[[ ENTRIES PROVIDED open ]]
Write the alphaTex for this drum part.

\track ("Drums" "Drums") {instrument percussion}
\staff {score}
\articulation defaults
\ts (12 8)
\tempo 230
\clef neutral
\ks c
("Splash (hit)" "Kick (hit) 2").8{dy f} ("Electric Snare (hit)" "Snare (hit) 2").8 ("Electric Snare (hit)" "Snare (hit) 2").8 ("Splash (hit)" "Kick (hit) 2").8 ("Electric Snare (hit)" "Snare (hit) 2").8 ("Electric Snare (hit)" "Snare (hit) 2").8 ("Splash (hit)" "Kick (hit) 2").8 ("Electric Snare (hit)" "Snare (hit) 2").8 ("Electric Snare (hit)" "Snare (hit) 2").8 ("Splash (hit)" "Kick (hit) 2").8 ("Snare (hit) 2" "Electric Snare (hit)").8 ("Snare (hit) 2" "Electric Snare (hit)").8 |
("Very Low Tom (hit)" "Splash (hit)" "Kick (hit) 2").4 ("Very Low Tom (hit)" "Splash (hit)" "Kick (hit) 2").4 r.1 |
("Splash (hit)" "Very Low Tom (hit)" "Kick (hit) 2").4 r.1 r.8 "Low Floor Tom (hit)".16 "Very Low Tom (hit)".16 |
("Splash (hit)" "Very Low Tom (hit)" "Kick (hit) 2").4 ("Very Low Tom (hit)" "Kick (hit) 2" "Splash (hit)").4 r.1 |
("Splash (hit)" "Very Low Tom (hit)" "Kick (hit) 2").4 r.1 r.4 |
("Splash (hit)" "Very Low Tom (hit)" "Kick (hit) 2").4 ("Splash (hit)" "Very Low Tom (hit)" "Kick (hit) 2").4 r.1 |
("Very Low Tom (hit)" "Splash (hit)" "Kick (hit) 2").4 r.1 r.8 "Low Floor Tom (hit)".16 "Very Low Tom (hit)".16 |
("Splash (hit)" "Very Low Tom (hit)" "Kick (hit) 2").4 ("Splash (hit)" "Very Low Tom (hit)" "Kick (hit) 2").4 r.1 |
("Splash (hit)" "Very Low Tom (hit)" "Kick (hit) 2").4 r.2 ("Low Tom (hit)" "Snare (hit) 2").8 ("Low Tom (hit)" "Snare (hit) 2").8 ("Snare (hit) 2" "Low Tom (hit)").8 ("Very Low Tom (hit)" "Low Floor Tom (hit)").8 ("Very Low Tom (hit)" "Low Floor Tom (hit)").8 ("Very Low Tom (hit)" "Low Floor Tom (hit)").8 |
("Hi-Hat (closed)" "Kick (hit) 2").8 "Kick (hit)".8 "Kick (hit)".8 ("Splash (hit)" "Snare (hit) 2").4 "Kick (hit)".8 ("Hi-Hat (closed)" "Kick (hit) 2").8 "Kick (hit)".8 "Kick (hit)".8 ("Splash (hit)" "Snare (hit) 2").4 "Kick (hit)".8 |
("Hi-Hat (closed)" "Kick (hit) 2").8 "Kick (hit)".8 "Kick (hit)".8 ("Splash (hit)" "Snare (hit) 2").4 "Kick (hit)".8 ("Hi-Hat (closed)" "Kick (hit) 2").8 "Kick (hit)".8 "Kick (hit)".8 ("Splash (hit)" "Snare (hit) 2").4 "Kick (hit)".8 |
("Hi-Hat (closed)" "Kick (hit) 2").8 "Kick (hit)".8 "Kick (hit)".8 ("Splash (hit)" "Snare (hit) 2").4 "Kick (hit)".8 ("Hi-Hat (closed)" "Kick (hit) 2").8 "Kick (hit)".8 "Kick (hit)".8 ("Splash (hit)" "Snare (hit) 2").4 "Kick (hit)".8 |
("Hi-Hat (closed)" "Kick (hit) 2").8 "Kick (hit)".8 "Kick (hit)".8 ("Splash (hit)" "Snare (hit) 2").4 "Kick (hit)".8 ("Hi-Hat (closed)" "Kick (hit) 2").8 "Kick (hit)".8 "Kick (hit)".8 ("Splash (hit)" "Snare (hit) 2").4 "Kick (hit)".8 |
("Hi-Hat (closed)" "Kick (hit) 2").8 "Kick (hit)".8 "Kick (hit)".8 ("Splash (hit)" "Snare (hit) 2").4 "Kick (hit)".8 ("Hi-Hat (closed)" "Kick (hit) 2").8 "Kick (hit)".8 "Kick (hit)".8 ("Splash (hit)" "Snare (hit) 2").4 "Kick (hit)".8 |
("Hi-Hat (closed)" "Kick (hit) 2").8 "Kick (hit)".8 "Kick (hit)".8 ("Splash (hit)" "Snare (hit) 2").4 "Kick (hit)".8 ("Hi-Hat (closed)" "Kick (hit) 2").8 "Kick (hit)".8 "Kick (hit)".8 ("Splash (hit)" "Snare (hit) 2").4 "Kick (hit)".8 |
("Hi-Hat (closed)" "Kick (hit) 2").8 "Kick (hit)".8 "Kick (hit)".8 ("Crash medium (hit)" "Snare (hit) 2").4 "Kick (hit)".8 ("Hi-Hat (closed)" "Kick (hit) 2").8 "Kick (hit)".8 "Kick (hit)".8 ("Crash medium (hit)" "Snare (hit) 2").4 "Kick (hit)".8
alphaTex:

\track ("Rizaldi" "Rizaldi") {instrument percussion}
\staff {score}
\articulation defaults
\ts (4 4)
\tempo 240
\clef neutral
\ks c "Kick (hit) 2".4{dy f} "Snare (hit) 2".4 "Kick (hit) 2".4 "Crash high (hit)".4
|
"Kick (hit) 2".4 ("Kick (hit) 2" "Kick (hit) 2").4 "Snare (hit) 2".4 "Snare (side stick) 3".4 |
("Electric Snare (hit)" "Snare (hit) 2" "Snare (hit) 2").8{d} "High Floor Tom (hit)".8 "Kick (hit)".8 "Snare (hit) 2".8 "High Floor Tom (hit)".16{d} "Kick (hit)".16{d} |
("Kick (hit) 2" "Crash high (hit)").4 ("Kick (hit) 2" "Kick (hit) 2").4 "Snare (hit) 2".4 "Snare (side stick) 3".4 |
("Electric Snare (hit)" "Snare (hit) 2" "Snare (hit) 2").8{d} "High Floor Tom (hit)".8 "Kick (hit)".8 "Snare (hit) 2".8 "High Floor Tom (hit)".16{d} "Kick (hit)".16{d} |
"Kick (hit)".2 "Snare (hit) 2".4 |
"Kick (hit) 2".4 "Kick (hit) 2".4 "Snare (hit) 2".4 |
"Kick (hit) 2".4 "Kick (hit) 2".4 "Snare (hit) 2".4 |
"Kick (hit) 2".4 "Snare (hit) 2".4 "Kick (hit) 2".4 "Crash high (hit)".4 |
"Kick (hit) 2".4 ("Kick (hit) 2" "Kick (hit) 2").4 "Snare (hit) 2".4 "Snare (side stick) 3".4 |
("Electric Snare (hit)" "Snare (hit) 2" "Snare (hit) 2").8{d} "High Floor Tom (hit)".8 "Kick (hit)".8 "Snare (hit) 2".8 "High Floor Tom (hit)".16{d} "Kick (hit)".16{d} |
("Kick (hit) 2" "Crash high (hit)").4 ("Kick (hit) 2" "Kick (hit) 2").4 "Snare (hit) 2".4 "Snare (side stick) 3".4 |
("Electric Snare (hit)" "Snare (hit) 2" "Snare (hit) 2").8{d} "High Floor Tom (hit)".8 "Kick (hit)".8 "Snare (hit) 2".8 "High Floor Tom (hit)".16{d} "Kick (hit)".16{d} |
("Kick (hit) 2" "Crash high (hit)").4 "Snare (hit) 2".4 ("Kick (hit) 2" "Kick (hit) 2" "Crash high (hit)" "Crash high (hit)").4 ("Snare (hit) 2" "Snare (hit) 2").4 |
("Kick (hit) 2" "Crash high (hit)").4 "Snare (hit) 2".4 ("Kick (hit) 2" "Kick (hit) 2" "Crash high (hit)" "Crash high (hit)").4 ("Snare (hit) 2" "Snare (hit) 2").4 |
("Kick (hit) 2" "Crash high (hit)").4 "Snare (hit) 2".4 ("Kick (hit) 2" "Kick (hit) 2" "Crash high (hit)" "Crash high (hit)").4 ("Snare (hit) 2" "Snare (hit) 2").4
[[ ENTRIES PROVIDED closed ]]
*TASK*:
State, as a bare number, how many lines of the records above include "track".

*SOLUTION TO THIS TASK*:
2